En opinión de la gobernadora, el acuerdo significaría otro
paso hacia el desastre para la industria azucarera.
En una carta que le envió a Bush, Blanco instó al presidente
a renunciar a ese acuerdo comercial, llamado Tratado de Libre Comercio
para Centroamérica (CAFTA, siglas en inglés).
El acuerdo fue modelado en torno al Tratado de Libre Comercio de América
del Norte (TLCAN) y prevé la eliminación de aranceles, apertura
de mercados y la facilitación así como ofrecerá menos
riesgos a los estadounidenses que quieran hacer negocios en la región.

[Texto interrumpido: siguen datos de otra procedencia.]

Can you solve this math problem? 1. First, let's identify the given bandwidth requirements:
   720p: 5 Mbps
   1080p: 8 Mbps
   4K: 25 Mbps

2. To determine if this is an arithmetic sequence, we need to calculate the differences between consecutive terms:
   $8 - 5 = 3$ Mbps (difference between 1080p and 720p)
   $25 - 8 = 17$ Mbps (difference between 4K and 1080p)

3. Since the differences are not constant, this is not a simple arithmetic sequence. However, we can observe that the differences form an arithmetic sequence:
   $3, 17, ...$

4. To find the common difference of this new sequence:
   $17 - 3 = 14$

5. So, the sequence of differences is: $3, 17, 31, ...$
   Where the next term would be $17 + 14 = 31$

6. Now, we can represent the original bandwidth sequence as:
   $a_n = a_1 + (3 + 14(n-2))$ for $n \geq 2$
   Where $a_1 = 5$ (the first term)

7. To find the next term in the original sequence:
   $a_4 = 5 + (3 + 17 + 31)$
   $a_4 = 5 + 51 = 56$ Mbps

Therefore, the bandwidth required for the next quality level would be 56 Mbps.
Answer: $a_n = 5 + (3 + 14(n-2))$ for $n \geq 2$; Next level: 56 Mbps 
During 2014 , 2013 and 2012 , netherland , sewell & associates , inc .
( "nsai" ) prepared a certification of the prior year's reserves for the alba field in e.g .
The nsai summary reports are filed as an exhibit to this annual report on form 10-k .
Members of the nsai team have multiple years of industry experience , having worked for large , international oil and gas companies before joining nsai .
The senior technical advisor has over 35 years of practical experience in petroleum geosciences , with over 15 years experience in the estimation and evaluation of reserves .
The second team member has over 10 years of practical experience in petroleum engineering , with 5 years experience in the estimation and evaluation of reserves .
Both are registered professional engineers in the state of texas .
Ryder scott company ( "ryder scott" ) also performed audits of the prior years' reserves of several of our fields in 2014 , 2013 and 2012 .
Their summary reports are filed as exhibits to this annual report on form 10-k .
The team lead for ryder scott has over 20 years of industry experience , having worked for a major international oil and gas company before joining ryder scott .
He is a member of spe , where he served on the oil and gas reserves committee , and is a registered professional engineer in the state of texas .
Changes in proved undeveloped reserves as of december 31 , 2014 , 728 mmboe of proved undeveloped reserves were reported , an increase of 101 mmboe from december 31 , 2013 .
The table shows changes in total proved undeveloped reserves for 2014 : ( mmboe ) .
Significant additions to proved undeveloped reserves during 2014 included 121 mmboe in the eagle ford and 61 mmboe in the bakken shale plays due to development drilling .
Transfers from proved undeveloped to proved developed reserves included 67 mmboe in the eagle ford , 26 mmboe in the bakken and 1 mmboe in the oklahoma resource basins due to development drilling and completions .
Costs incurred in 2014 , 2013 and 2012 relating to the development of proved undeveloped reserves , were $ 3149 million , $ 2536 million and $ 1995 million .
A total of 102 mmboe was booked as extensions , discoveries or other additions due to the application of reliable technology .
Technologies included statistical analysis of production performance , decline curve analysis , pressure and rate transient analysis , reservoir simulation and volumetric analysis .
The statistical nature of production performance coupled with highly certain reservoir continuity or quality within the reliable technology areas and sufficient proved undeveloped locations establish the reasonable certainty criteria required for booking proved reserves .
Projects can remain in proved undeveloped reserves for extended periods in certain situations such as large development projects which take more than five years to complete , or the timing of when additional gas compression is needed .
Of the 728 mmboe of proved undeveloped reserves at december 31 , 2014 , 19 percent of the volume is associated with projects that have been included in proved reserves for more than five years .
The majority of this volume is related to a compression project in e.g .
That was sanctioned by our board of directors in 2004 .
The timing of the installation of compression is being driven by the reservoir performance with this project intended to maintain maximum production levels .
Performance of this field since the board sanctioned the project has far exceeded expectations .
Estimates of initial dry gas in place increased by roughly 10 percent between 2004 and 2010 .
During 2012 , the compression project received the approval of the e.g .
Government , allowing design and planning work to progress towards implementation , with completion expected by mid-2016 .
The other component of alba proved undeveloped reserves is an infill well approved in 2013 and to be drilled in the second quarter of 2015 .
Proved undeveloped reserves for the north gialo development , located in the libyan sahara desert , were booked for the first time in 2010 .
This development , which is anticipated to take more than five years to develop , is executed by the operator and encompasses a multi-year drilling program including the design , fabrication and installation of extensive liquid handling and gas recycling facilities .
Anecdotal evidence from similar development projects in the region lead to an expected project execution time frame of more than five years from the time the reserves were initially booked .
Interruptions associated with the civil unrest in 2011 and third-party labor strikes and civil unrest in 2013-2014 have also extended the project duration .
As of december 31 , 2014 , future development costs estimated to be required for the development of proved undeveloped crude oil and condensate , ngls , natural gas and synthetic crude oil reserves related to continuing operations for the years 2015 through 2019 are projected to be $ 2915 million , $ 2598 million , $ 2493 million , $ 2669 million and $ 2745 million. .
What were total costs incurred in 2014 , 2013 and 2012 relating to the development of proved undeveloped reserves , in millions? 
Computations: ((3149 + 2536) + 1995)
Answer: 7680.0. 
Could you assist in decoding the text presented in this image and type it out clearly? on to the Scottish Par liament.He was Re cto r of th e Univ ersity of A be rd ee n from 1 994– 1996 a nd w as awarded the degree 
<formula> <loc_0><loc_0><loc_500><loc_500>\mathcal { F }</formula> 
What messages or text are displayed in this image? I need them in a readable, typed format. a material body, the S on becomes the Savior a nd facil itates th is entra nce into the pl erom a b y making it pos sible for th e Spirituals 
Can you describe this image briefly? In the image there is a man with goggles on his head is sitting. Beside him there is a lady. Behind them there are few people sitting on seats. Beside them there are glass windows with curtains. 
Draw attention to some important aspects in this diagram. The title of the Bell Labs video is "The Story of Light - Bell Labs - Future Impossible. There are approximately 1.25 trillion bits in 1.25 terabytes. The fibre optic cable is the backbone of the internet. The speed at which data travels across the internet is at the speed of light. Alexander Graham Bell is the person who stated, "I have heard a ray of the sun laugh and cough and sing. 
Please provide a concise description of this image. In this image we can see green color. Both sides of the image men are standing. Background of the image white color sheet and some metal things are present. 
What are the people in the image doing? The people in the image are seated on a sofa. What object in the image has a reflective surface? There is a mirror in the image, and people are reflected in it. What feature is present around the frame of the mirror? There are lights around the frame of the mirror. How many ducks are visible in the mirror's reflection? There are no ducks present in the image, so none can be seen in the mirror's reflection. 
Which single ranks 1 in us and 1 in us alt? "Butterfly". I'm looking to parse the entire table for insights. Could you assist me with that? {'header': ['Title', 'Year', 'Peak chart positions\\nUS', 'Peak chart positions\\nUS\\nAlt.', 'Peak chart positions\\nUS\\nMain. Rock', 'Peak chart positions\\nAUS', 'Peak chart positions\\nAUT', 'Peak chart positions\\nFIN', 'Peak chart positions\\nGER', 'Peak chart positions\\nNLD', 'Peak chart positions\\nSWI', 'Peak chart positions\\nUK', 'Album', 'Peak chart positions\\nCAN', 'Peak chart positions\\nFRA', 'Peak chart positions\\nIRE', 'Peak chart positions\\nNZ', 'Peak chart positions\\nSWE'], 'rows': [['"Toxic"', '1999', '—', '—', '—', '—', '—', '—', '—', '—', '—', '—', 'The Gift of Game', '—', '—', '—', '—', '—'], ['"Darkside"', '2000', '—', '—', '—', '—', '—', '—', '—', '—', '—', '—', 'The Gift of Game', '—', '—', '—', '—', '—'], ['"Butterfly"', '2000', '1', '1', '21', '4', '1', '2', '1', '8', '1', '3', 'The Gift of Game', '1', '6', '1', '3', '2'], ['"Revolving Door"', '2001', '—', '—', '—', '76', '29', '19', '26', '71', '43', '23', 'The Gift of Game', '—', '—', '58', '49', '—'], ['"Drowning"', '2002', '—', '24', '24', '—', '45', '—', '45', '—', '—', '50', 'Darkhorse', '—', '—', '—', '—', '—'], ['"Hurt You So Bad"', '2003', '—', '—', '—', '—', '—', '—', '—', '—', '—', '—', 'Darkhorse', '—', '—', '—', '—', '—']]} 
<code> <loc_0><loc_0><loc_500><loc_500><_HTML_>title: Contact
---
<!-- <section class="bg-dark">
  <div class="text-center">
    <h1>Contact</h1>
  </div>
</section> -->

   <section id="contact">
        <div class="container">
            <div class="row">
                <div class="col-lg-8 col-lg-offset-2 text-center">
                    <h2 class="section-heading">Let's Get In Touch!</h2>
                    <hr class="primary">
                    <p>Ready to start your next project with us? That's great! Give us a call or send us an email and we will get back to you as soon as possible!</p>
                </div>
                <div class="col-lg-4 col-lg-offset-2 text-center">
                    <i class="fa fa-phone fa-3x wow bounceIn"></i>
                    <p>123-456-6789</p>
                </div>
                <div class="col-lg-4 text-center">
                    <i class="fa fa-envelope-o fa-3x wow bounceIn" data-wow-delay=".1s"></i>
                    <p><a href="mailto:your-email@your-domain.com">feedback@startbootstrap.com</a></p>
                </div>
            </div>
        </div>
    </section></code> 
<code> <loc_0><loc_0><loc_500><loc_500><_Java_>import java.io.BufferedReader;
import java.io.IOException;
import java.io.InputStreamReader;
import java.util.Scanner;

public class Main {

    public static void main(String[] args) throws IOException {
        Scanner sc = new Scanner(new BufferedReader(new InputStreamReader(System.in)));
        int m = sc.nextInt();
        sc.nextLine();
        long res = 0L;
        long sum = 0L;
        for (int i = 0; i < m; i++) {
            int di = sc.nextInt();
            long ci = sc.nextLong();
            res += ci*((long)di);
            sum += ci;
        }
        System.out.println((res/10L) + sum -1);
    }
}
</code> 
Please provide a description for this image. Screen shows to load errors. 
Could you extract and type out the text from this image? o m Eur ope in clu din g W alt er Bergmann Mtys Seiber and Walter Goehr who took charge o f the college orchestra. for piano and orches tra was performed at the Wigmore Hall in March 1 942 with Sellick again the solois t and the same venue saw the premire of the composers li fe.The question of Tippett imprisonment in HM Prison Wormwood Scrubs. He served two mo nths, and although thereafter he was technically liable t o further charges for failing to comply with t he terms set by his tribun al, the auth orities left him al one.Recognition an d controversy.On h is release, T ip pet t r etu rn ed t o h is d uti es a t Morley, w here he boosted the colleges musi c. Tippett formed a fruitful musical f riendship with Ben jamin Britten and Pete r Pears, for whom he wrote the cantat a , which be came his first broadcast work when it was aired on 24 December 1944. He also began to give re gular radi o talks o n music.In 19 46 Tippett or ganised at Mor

Algunos críticos indicaron que la aprobación provocará
pérdidas de empleos y elevará déficit comerciales.
Asimismo, la misiva señala que los pequeños campesinos de
Centroamérica y de República Dominicana no tendrán
posibilidades de competir en contra de las importaciones de bienes estadounidenses,
sin aranceles, y además el tratado no va lo suficientemente lejos
para proteger los derechos laborales, en países donde existen historias
de abusos contra los trabajadores.
Intereses
Blanco, junto con una delegación formada por la mayoría
de los legisladores del Congreso local, se han opuesto desde hace mucho
tiempo al convenio porque podría afectar a la industria azucarera
de Luisiana.
La industria del azúcar estadounidense señala que el acuerdo
llevaría a un incremento en las importaciones, lo que podría
ocasionar descensos en los precios.
Si el TLC es aprobado, las importaciones podrían llegar al 1,7%
de la producción estadounidense en 15 años, según
aseveran observadores.
La gobernadora, al señalar que 27.000 trabajadores de su estado
reciben sus salarios de la industria azucarera, indicó que Luisiana
perdería 750 millones de dólares en ventas directas de azúcar,
así como 2,000 millones de dólares en ingresos relativos
a la industria cada año.
Por esa razón, Blanco le pidió a Bush en su misiva que por
favor reconsidérelo y retírese del CAFTA.
Al igual que Blanco, otros congresistas han declarado su oposición
a la ratificación del acuerdo, porque atenta contra los intereses
de la industria azucarera.
En Washington, a finales de mayo, el llamado Caucus Hispano, conformado
por congresistas de origen latinoamericano, se definió en franca
oposición a dar el voto en la sesión simulada que el Comité
de Finanzas del Senado ha convocado para el 14 de junio próximo.
Con dicha prueba, los republicanos averiguarán si en la mencionada
cámara cuentan con el apoyo suficiente para la ratificación
definitiva del Tratado. Si lo logran, sigue el simulacro en la siguiente
Cámara (AP).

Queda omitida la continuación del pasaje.